Baseline Anemia Ups Physician-Guided DAPT Discontinuation Rates After PCI

Patients with baseline anemia undergoing PCI are more likely to discontinue dual antiplatelet therapy (DAPT) under physician guidance within 1 year—a strategy deemed safe—than their nonanemic counterparts, according to new data from the PARIS registry. Importantly, the mode of DAPT cessation among all patients can affect their risk of adverse events over 2 years.

“It is important to kind of think about the anemic patients not just in terms of bleeding, but also in terms of ischemic events when you disrupt or discontinue therapy,” senior study author Roxana Mehran, MD (Mount Sinai Hospital, New York, NY), told TCTMD. “If it's a recommended discontinuation, there were no major issues.”

Because of this, physicians should proactively have bleeding avoidance strategies in place for anemic patients, who are more prone to both ischemic or bleeding events, she added. “If you guide the discontinuation earlier, you're better off, rather than them going on for a whole year and having an event of bleeding.”

DAPT Disruption Affects All

For the study, published online this week in Circulation: Cardiovascular Interventions, Mehran along with Michela Faggioni, MD (Icahn School of Medicine at Mount Sinai, New York, NY), and colleagues looked at more than 4,000 PCI patients from the PARIS registry with baseline hemoglobin data available, of whom 18% were anemic (defined as baseline hemoglobin < 12 g/dL for men and < 11 g/dL for women).

Within 2 years of PCI, anemic patients were more likely than nonanemic patients to disrupt their DAPT (defined as a stoppage due to bleeding or noncompliance) or interrupt their DAPT (defined as a voluntary and temporary pause of no more than 14 days for surgery or another invasive procedure as guided by a physician).

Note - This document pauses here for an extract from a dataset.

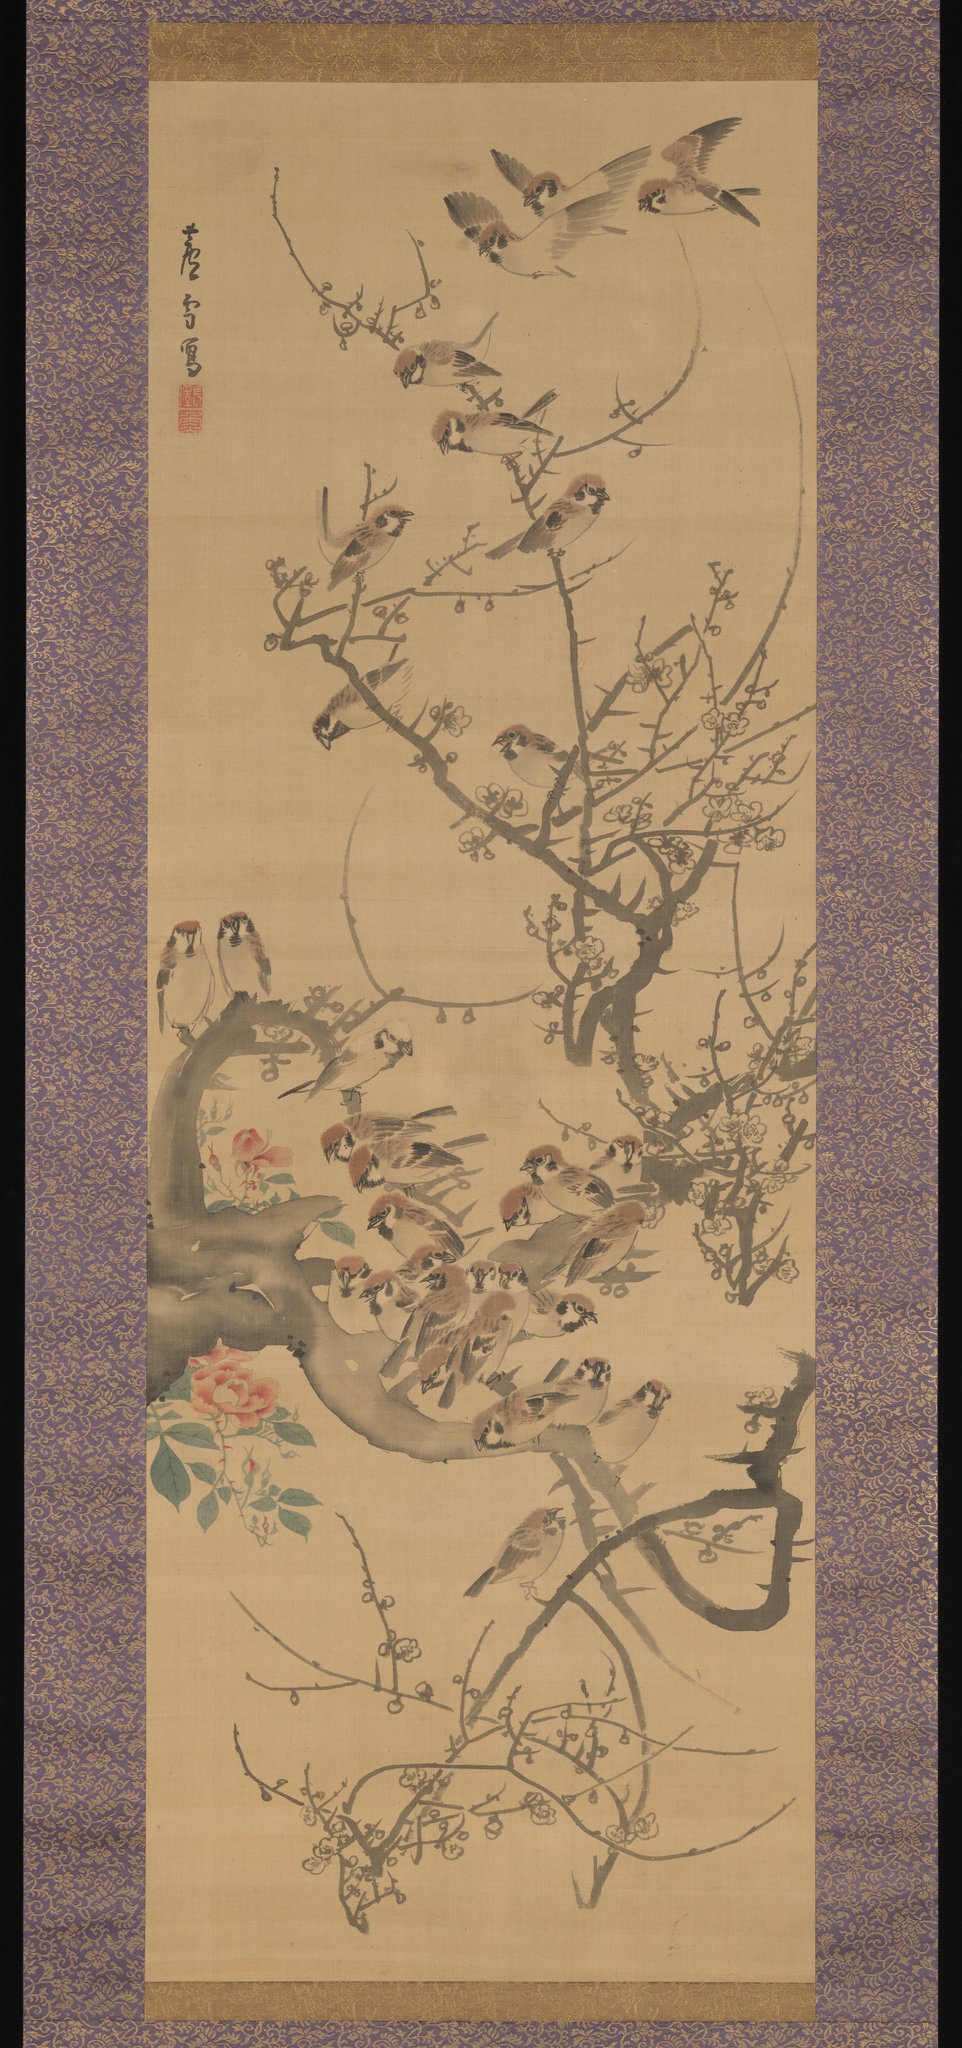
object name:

DAPT Interruption and Disruption Over 2 Years

DAPT discontinuation was defined as physician-guided withdrawal occurring when therapy was no longer needed, and was more common among anemic patients in the first year (13.1% vs 10.8%) and in nonanemic patients in the second year following PCI (33.6% vs 41.0%).

Anemia adds a wrench into the decision-making process, and we need much more data to evaluate what works better. Roxana Mehran

Patients presenting with baseline anemia reported more than doubled rates of BARC 3 or 5 bleeding as well as a significantly higher prevalence of ischemic adverse events like cardiac death, spontaneous MI, and MACE at 1 and 2 years after PCI compared with nonanemic patients (P < 0.01 for all). Both the risks of MACE and bleeding progressively increased with the severity of baseline anemia.

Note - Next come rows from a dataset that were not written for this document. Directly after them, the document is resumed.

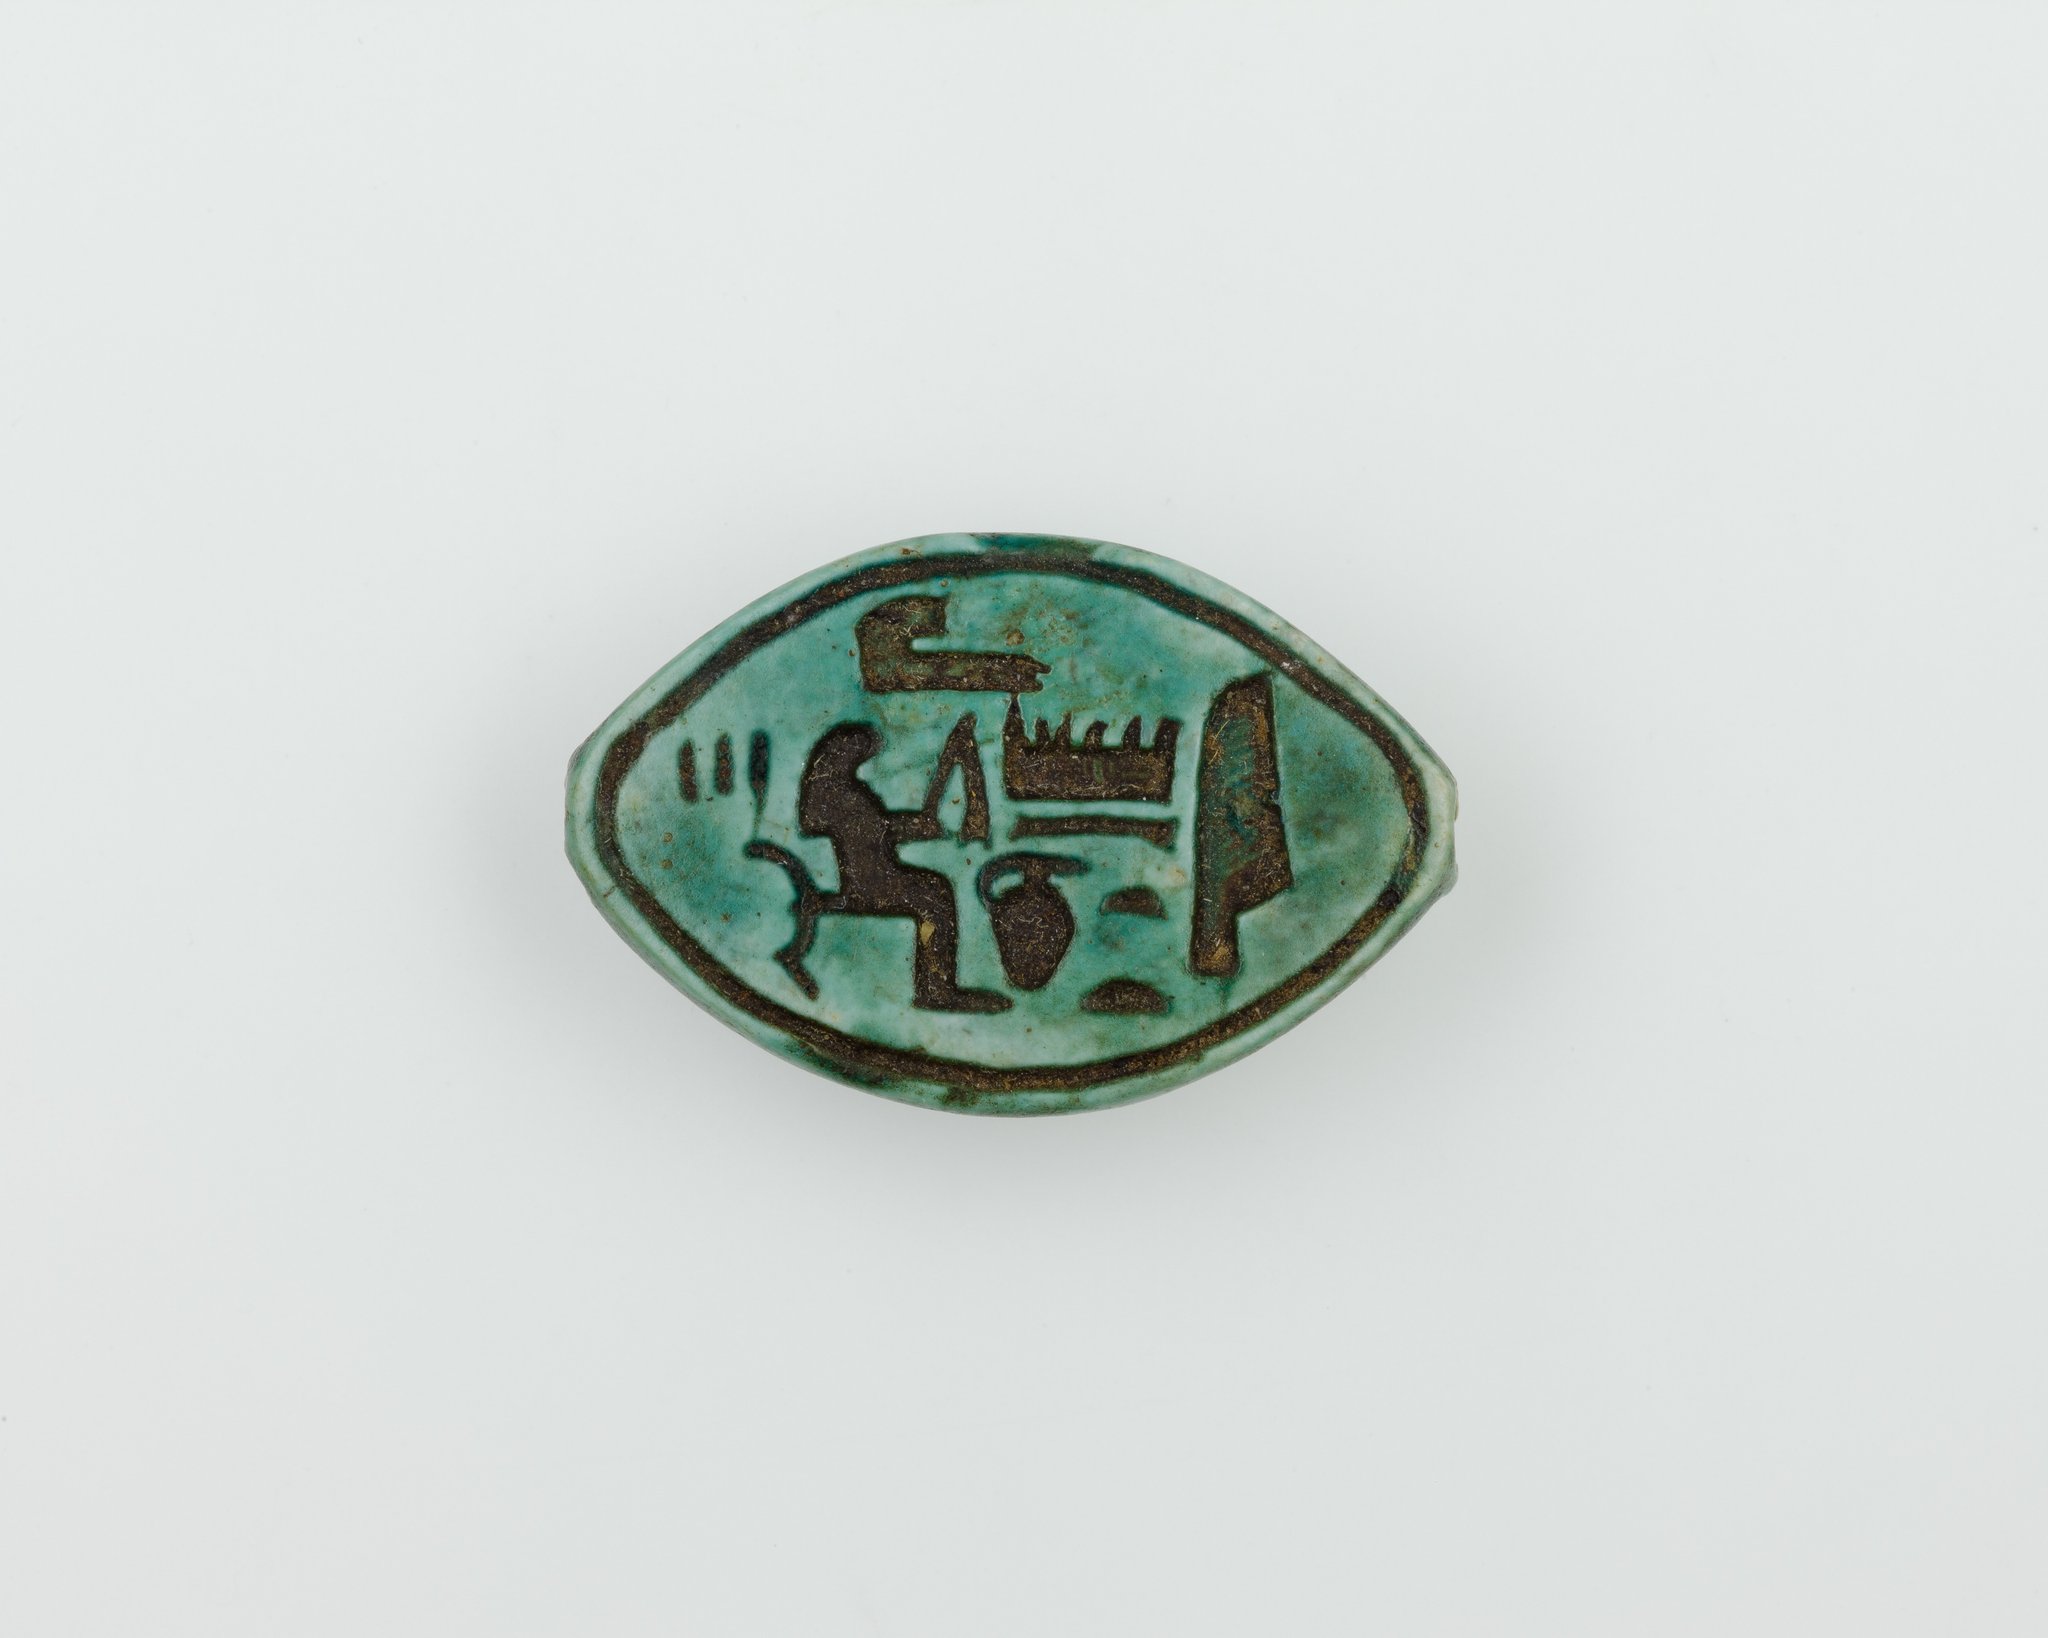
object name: cowroid, hatshepsut
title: Cowroid with the Name and Image of Hatshepsut
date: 1479-1458 BCE
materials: stone
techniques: glazing
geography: egypt

Interestingly, neither DAPT discontinuation nor interruption among anemic patients increased the risk of any clinical adverse event over 2 years. On the other hand, DAPT disruption significantly increased the risks of both MACE and MI for both anemic and nonanemic patients.

Because anemic patients are generally excluded from DAPT clinical trials, Mehran said this study “opens the door” to further research of this population. “We're treating these patients less and less with dual antiplatelet therapies, and it is also important to think about their ischemic burden,” she said. “Anemia adds a wrench into the decision-making process, and we need much more data to evaluate what works better.”

Note: Mehran is a faculty member of the Cardiovascular Research Foundation, the publisher of TCTMD.